> [ACTION ITEM] Below are records; how many of their lines hold the string "exception"? Reply with nothing but the number.

[Start of section]

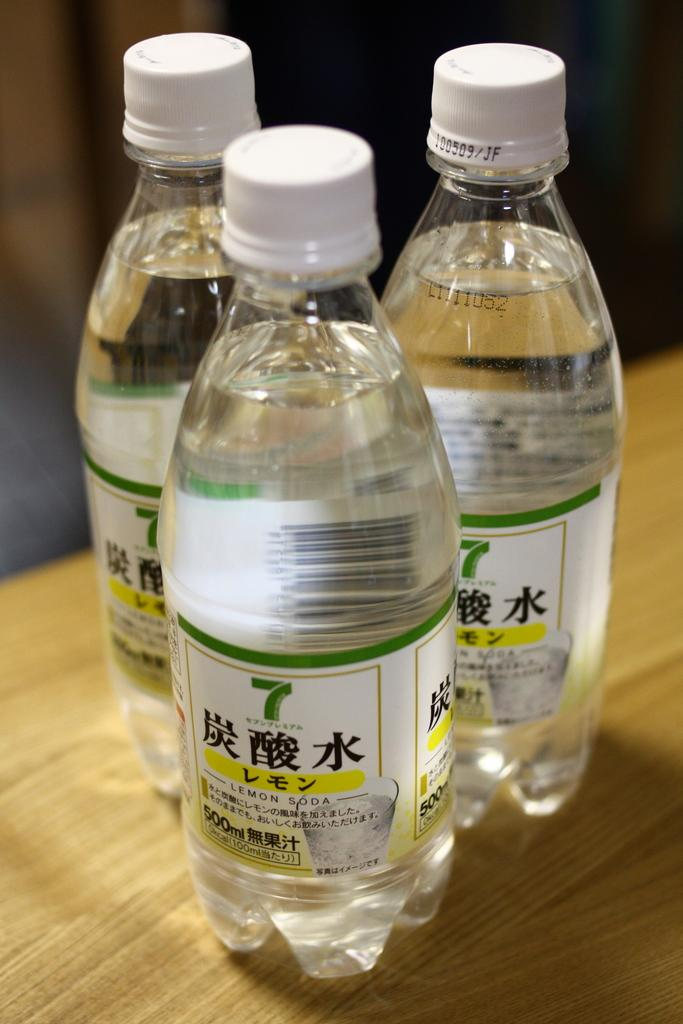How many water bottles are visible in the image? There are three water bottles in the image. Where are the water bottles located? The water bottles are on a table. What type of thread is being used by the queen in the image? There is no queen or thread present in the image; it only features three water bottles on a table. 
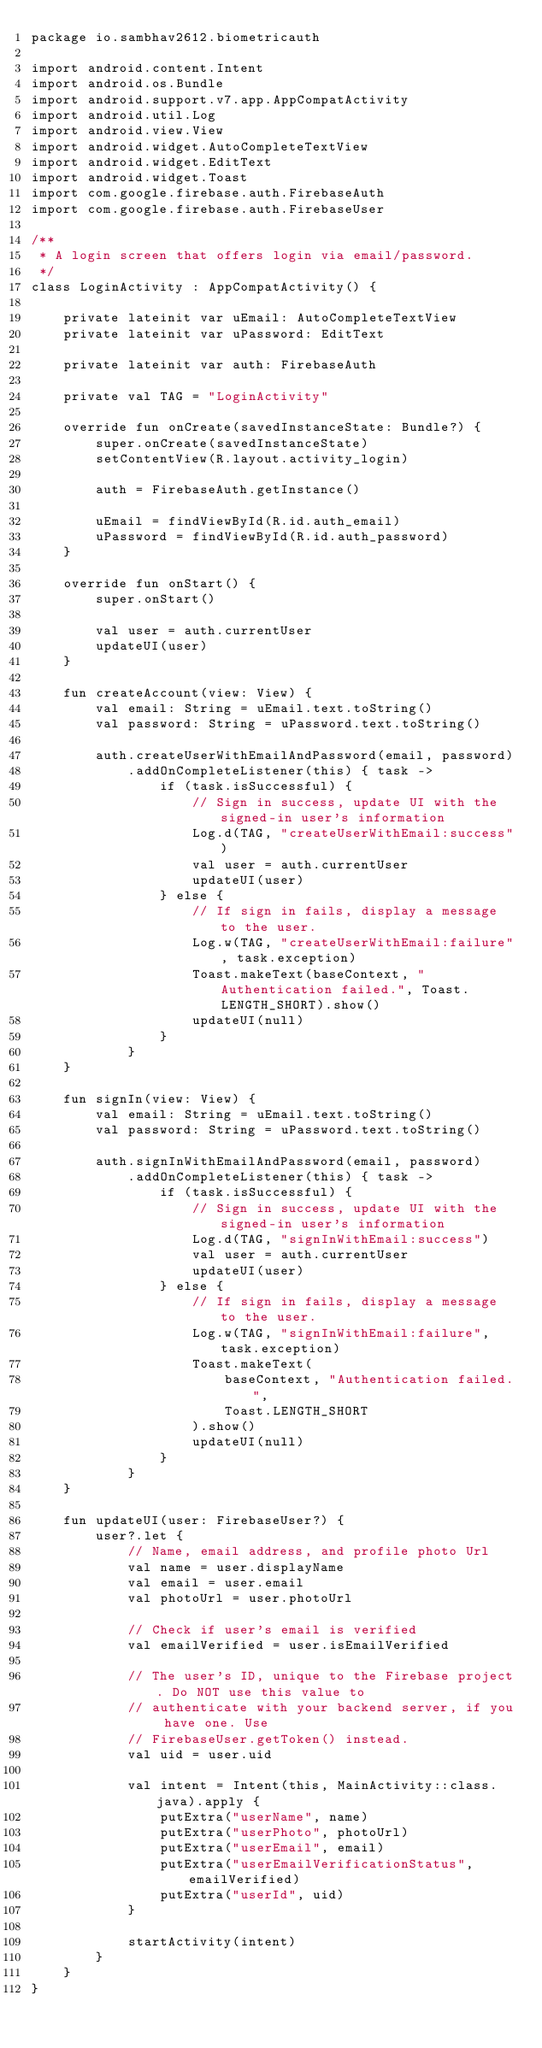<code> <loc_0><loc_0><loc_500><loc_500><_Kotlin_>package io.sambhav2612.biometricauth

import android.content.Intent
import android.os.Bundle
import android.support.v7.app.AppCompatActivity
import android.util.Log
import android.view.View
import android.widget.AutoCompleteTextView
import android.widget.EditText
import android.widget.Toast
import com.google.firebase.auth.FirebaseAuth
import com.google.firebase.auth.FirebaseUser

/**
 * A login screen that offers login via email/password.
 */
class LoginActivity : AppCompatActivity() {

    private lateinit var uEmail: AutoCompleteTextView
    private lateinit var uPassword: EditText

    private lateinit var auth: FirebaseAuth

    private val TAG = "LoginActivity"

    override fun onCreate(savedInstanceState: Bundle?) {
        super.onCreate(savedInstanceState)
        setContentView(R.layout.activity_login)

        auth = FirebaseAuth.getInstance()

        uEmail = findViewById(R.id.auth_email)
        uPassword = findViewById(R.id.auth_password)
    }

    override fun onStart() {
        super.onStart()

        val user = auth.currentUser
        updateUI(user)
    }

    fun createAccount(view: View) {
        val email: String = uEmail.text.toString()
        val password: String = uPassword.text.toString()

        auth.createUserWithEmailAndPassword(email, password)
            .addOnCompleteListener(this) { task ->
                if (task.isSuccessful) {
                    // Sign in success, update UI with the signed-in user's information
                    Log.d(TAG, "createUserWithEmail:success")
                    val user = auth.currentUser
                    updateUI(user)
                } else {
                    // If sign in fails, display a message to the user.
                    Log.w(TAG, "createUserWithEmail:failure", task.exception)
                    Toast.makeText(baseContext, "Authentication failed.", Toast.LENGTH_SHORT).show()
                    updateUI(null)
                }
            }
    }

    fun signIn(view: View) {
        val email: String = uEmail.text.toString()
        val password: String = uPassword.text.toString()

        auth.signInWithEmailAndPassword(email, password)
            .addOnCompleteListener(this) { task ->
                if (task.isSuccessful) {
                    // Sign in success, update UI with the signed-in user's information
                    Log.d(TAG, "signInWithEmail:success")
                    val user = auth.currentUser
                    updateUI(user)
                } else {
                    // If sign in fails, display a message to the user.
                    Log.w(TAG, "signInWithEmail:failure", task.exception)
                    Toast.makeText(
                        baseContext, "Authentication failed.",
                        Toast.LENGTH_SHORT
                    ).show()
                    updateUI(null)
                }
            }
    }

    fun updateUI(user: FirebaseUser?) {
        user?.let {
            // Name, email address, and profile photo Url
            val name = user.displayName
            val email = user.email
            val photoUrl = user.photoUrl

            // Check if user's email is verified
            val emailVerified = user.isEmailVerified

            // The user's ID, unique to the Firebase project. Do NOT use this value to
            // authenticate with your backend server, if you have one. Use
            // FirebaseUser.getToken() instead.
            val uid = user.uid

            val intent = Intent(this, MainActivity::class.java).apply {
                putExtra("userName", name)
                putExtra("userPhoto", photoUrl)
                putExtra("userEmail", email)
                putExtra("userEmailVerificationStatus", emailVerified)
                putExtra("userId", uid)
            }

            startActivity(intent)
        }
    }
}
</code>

[End of section]

> [RESULT OF THE TASK] 2